A 60-year-old story of joy re-entered the world of headlines this week, but this time without the joy. On February 19, the statue known as Unconditional Surrender commemorating V-J Dau by Seward Johnson was vandalized on site in Sarasota, Florida where it's been standing since 2009. And given the six-decade-long story behind this statue, you may wonder what took so long to deface it.
Unfair advantage
“Unconditional Surrender” describes a sailor clutching a female in a nurse's uniform, bending her backward and planting his mouth on hers. The image is a knock-off of Alfred Eisenstaedt's Life Magazine photograph of George Mendosa, a seaman on shore leave in Times Square.

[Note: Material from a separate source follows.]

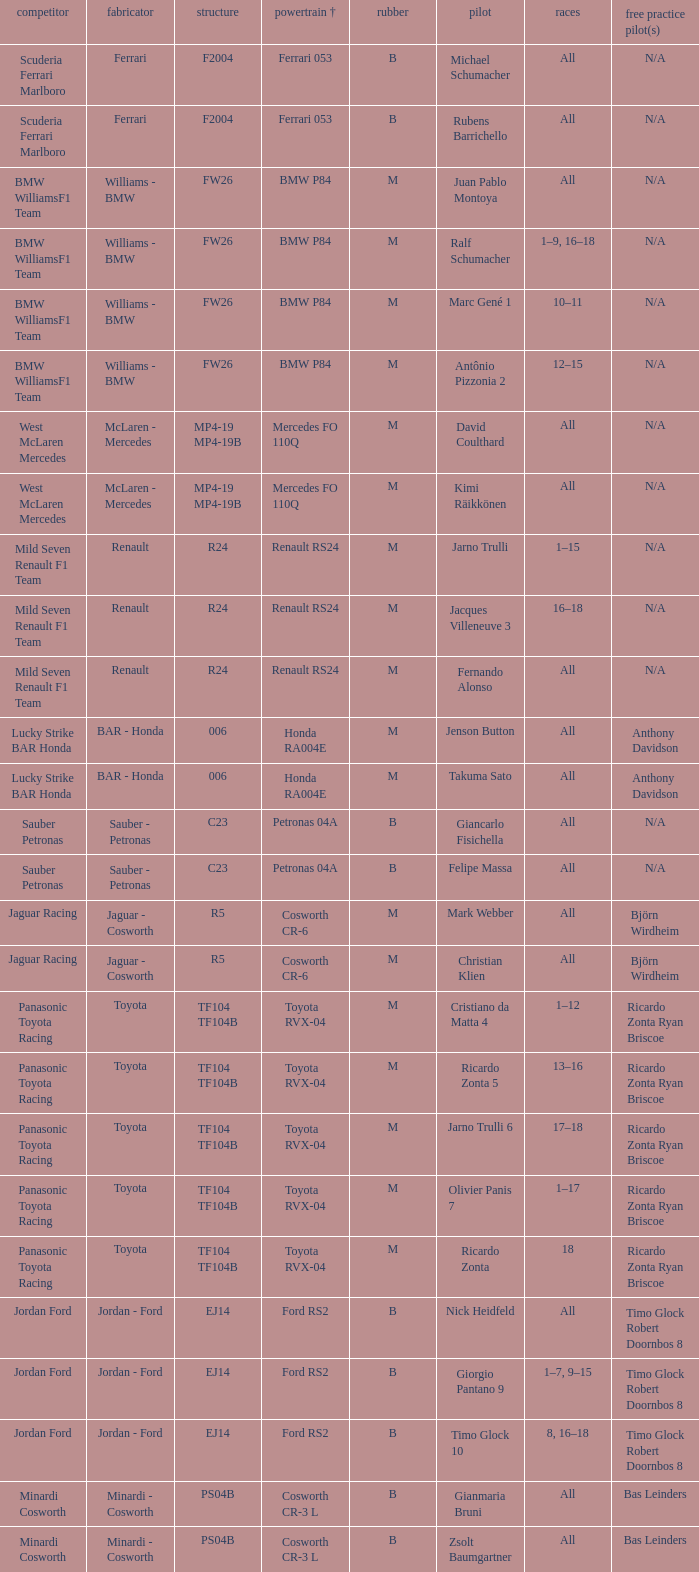What kind of chassis does Ricardo Zonta have? TF104 TF104B.

Jubilant about Japan's surrender, he grabbing Greta Zimmer Friedman, a passerby on her lunch break from a job as a dental assistant, for the famous kiss.
Graffiti, spray-painted on the statue in red pigment, showed the hashtag “#MeToo.” The message landed on the nurse's left leg – likely the most accessible to the vandal given the towering 26-foot height of the work. Even though this tale began in 1945 and contains a lot of moving parts since then, a sub-text pervades - one violation after another. Let me count the ways.
Seeing double
Johnson capitalized on the popularity of Eisenstaedt's work, borrowing not only his idea but also the celebrity that went with it. And Johnson duplicated his infringement in a series of styrofoam copies variously installed in New Jersey, Hawaii, and France) The idea of originality, then, was also violated.
What's more, he didn't even model the copies himself. Computer technology did that.
Bigger picture
But all the above is academic when you think of what Johson monumentalized when he magnified and mass-produced the scene that Eisenstaedt captured – in a word - abuse, or as one woman said of the statue on the Sarasota police Facebook page, “it glorifies sexual assault.” Fox News believes that it was no coincidence the graffiti was spray-painted the day after reports that Mendosa died.
Behavior problem
Witness a violation of another kind.
According to The Guardian, when Mendosa strolled Times Square on V-J Day, he was accompanied by his girlfriend, Rita Perry, his future wife. Yet on hearing the news that the war was over, which freed him to plan his future, he didn't embrace her, he grabbed a stranger instead. Fox News explains that he was remembering what nurses did for his fellow servicemen and was moved to express his gratitude.
Of course, Greta Zimmer Friedman didn't know that. The Guardian notes a 2005 interview with the Veterans History Project in which she said that it wasn't her choice to be kissed: “The guy just came over and kissed or grabbed. I felt he was very strong. He was just holding me tight...”
Granted in 1945, men could still treat women cavalierly. So Eistenstaedt gets a pass. But what's Johnson's excuse when his work was installed in Sarasota well after the feminist movement took sexism out of the mainstream?